Raw Thought

by Aaron Swartz

Think Bigger: A Generalist Manifesto

Our world is full of forces pushing us towards specificity. Open a newspaper and it’s divided into topic sections. Go to the bookstore and it’s divided into subject categories. Go to school and the classes are all in separate fields. Get a degree and you have to study in a particular major. Get a job and you have to work at a particular task.

The world needs specificists, of course, but it also needs generalists. And we see precious few of those. It’s not hard to see why: try to do something big and everyone will try to talk you out of it.

“That’s impossible,” they’ll say. “Do that and you’ll only drive yourself crazy.”

“If that worked, don’t you think someone else would have done it?”

“With all due respect, what makes you the expert on that subject?”

Tell someone you’re working on a dissertation about the mating dance of the East African dung beetle and they won’t bat an eye. It would be the height of impoliteness to ask “Is that really worth spending three years on?” — even if that’s exactly what you’re thinking. But set your sights a little bit higher and people have no problem knocking you down. “Come on,” they’ll say, furrowing their brow, “do you really think you’re going to be able to pull something like that off?”

Don’t listen to them. People are afraid of grandeur; it challenges the status quo. But you shouldn’t be. “Look up more” should be your motto; “Think bigger” your mantra.

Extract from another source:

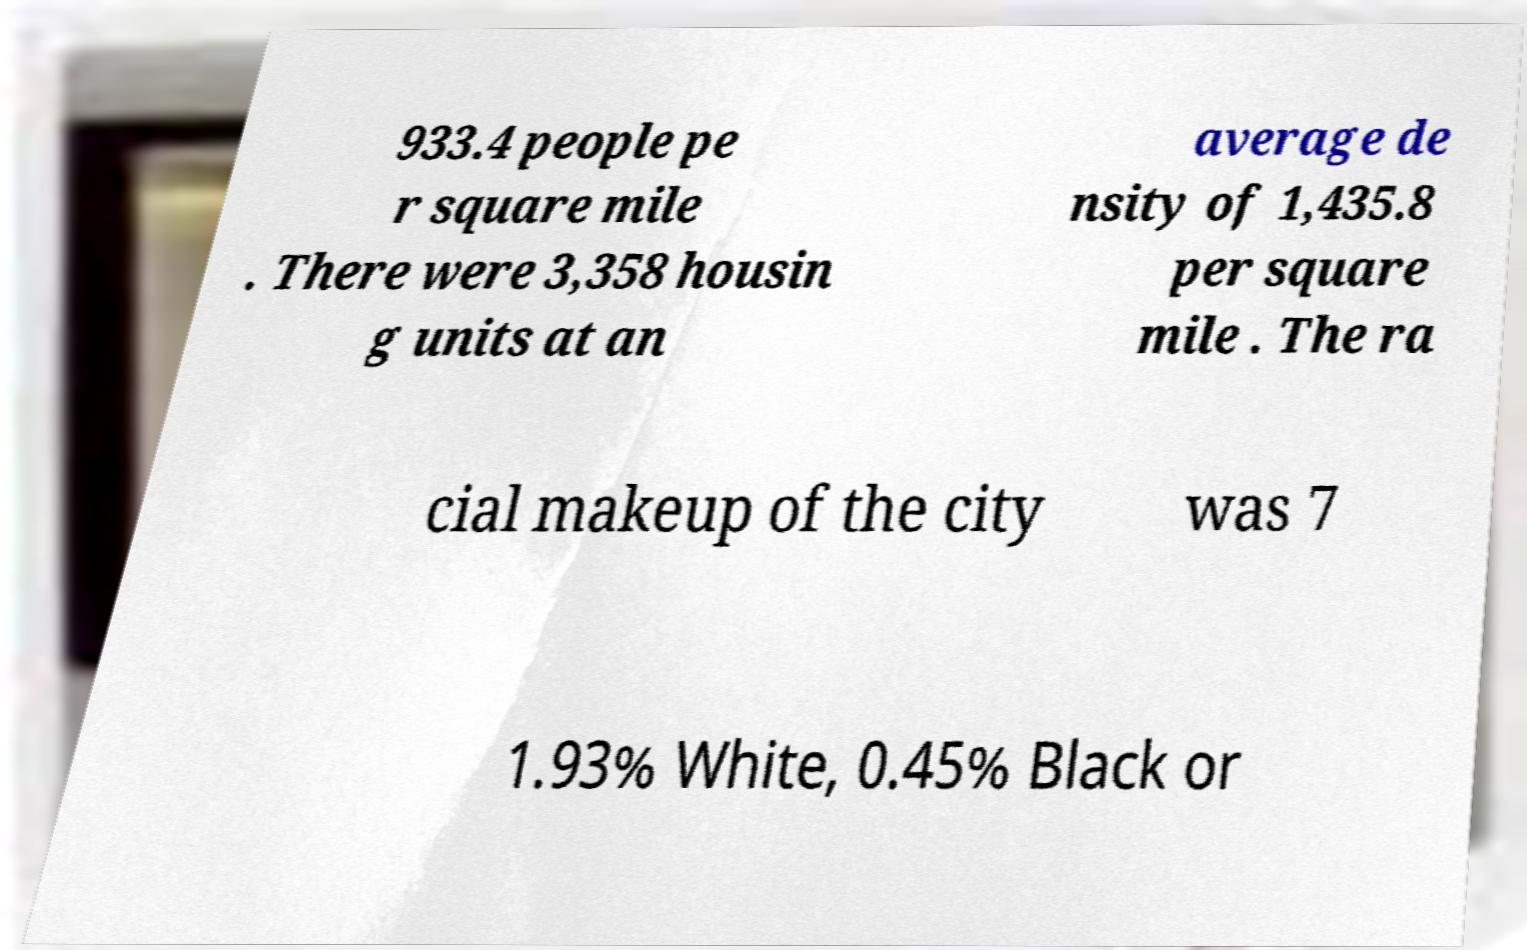For documentation purposes, I need the text within this image transcribed. Could you provide that? 933.4 people pe r square mile . There were 3,358 housin g units at an average de nsity of 1,435.8 per square mile . The ra cial makeup of the city was 7 1.93% White, 0.45% Black or

The first step is to recognize your place in things. If you study beetle mating habits, look at the larger mating patterns your studies fall into, look at the big picture of animal behavior, ask where you fit in the bigger question of what it means for an animal to behave. This is what I mean by “Look up more.”

But if you do this—and I believe you will—then you’ll find it hard to stay satisfied with your dung beetle project. You’ll start wondering if you could move on to bigger things. Perhaps just a little bit bigger at first—analyzing a few more types, discussing a few more implications—but soon you’ll notice that others have left the field wide open for the truly big picture stuff and you’ll start wondering why it’s not there that you should stake your claim. This is what I mean by “Think bigger.”

Sure, at first it’ll be frightening biting off more than you’ve ever had to chew. But the fear will soon give way to exhilaration and the extra work involved will be paid for in the additional notoriety, in the joy of knowing that you’ve made a real difference. After all, do you really want to spend the rest of your life studying dung beetles?

You should follow me on twitter here.

December 14, 2006


I’m just wondering when reddit will be back up…

posted by Jeremy Mims on December 15, 2006 #

I’m just wondering when reddit will be back up…

posted by on December 15, 2006 #

I’m also wondering when Reddit will be back up… but also, I realized how much Reddit meant in my life when I realized how ANNOYING it was when it wasn’t there anymore! heh =P

posted by Andrew Yates on December 15, 2006 #

The great generalists in the world are all experienced at specificity. The world’s recognized generalists are the University Presidents (most of which weren’t career professors), philanthropists, renaissance men, etc.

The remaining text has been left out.